Si bien las movilizaciones contra la Ley ‘Pulpín’ no pueden ser endosadas única, ni principalmente, a las izquierdas (habría que ver cuantos jóvenes hoy ‘pulpines’ antes fueron ‘ppkausas’), lo cierto es que son estas fuerzas políticas la que han salido ganando. No solo porque el eje de la discusión se ha desplazado hacia el mundo del trabajo y al problema de la desigualdad, temas más cercanos a la agenda ideológica y programática de las izquierdas, sino porque han demostrado la existencia de liderazgos, que quienes estamos cerca al mundo de las izquierdas reconocemos como próximos. En muchos casos se trata de jóvenes miembros de un conjunto de organizaciones y pequeños colectivos que se han ido multiplicando en la última década en ese gran espacio llamado la izquierda peruana.

Entre mediados de los años 60 y casi toda la década siguiente la izquierda peruana vivía un proceso en apariencia contradictorio. Por un lado, las divisiones se sucedían una tras otra y por otro ese mismo espacio no cesaba de crecer. Visto por los protagonistas de aquel tiempo, en ese momento las continuas divisiones no pueden haber sido más que fuente de desanimo. La mirada parcial de cada uno de esos actores era incapaz de dar cuenta que pese a la división permanente el espacio político -en términos totales- crecía.

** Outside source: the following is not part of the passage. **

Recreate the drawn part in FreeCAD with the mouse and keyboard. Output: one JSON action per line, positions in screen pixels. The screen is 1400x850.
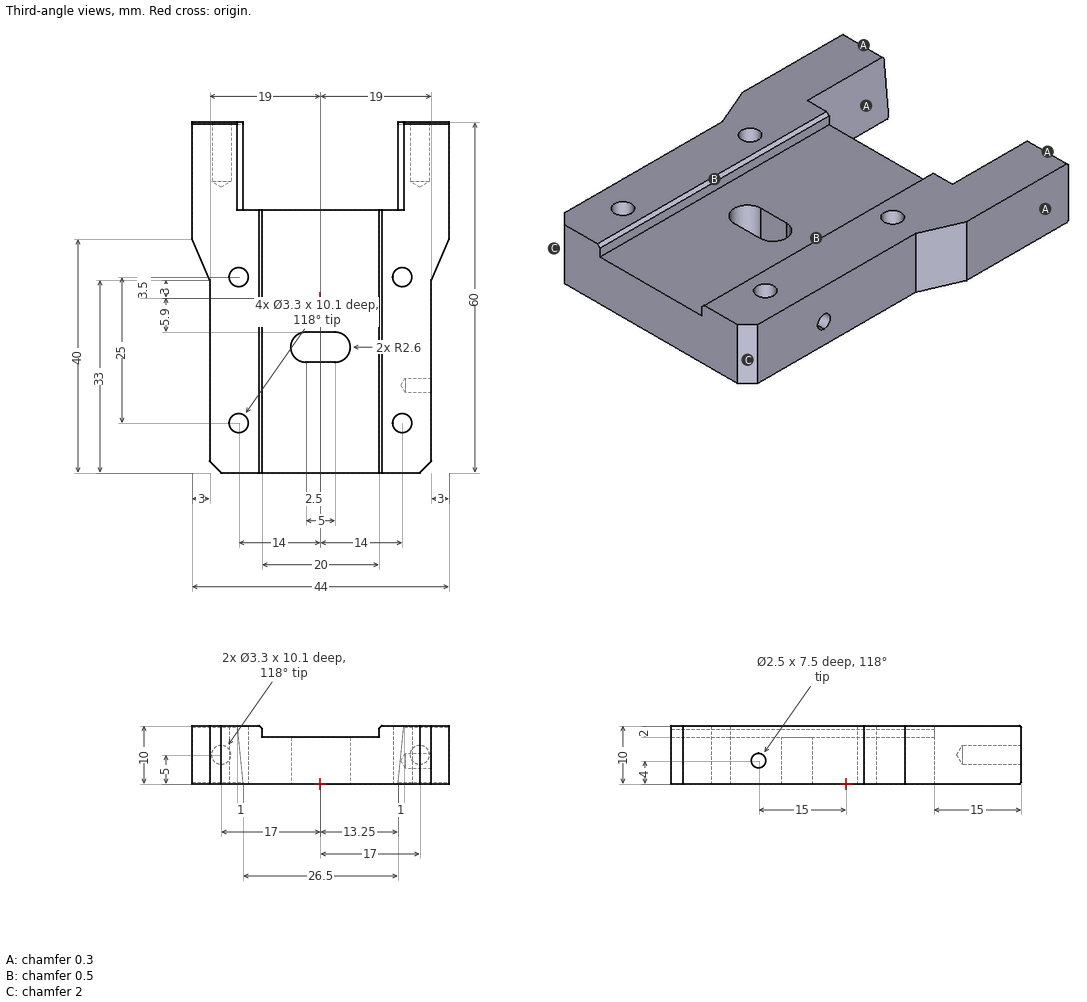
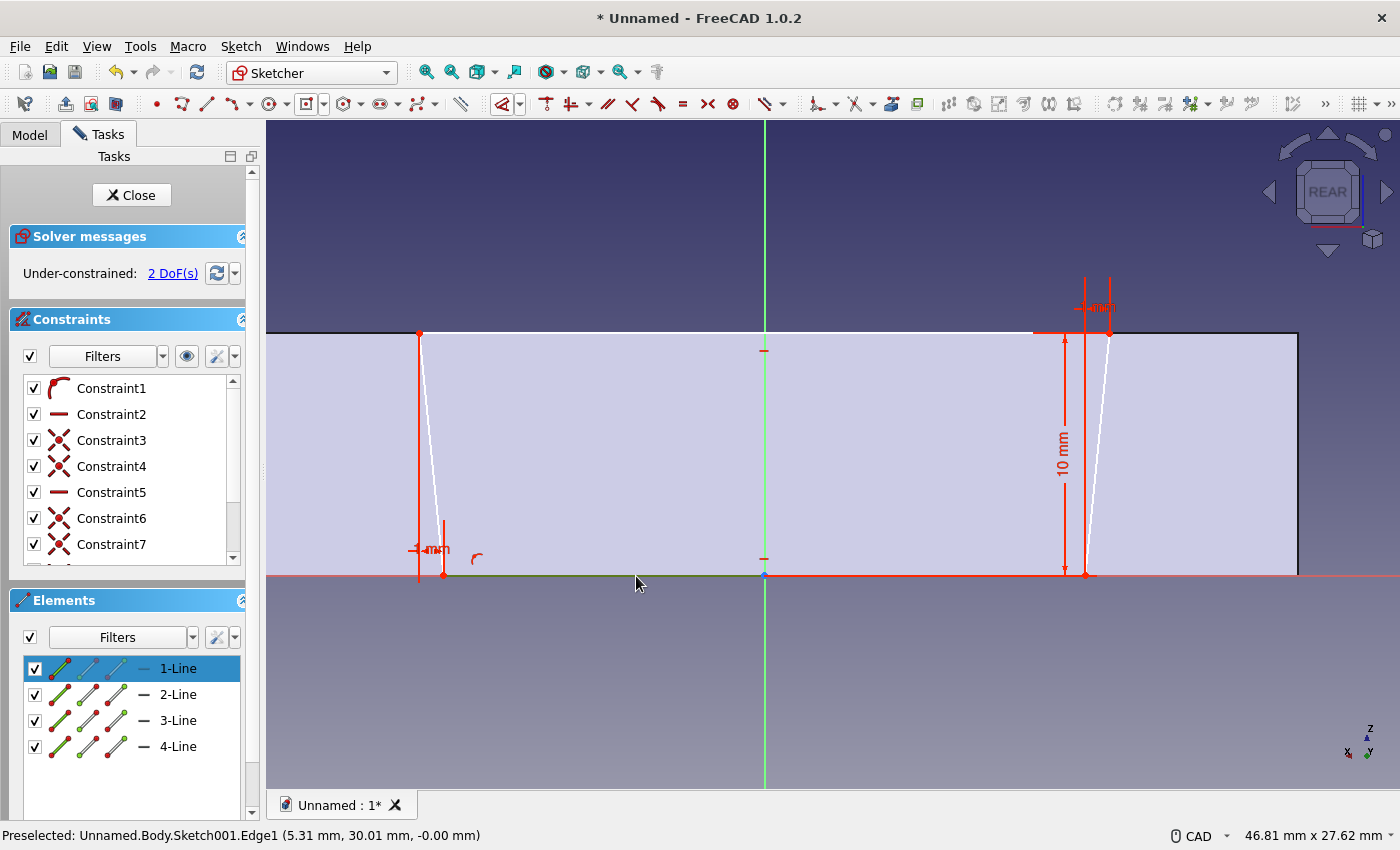
{"action": "left_click", "coordinate": [520, 104]}
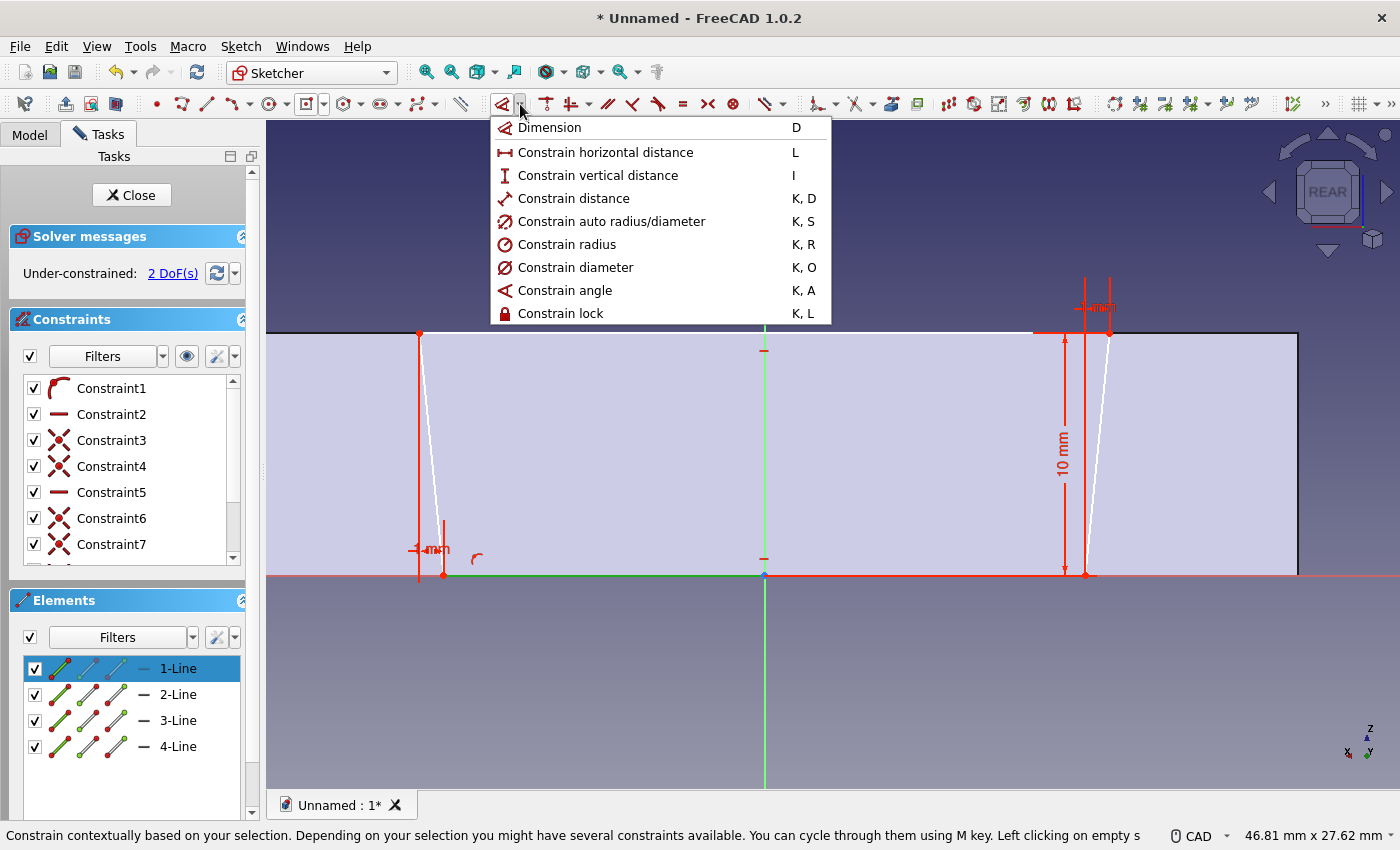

¿Es posible que lo que se viva en este momento, salvando todas las distancias, sea algo similar? Mi hipótesis es que sí, que pese a las divisiones e incapacidades para constituir un bloque unitario, en términos organizativos y de militancia la izquierda como espacio plural se encuentra en crecimiento. Adicionalmente, las movilizaciones contra la Ley ‘Pulpin’ muestran la existencia de un ecosistema más amigable a puntos que han sido tradicionalmente centrales en la agenda de la izquierda. Queda por ver aún cuál es la coyuntura política capaz de sintetizar todas esas energías que crecen en la esfera social y convertirlas en energías políticas, capaces de ganar el poder político.